BEGIN

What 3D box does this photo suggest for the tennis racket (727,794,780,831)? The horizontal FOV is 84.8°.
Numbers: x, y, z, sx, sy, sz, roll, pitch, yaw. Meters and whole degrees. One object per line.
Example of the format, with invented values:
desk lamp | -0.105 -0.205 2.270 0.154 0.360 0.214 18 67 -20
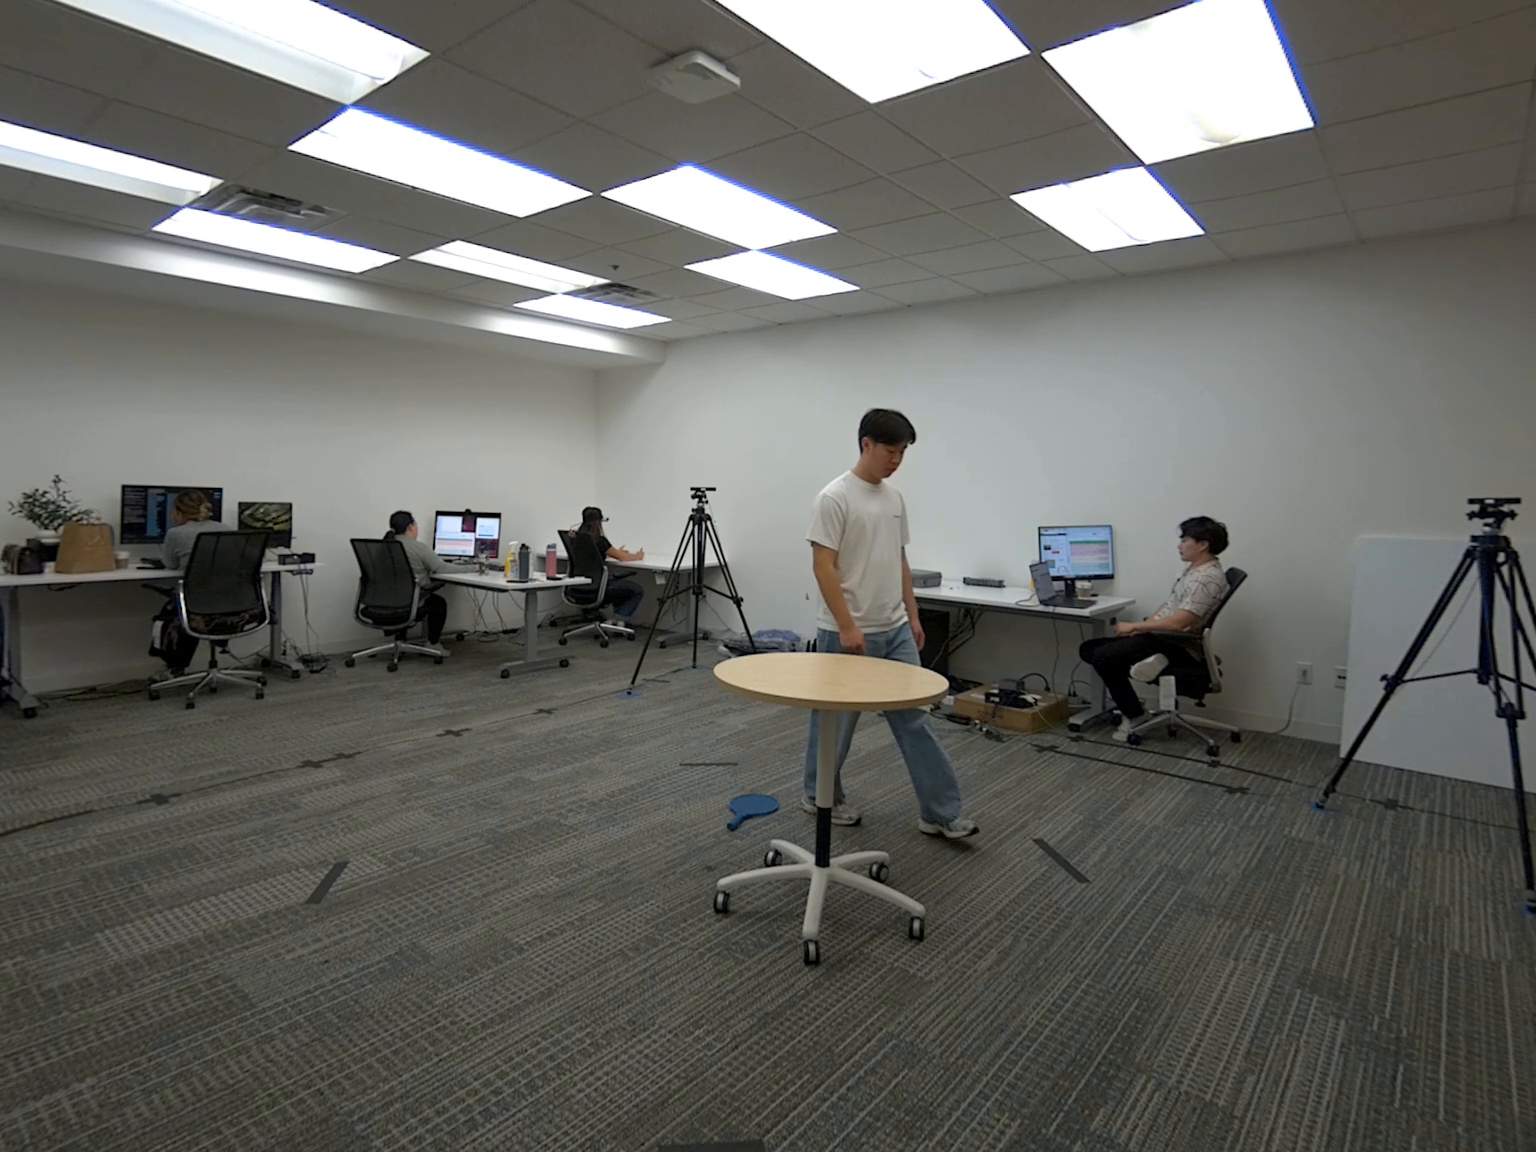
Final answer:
tennis racket | -0.096 0.999 3.654 0.218 0.032 0.424 2 3 20

END

* **ACTIVITY**:
Copy the entries above exactly from the line with "Example of the" down to their last line, both ends included. Do not copy any pictures.

* **THE COMPLETED TASK**:
Example of the format, with invented values:
desk lamp | -0.105 -0.205 2.270 0.154 0.360 0.214 18 67 -20
Final answer:
tennis racket | -0.096 0.999 3.654 0.218 0.032 0.424 2 3 20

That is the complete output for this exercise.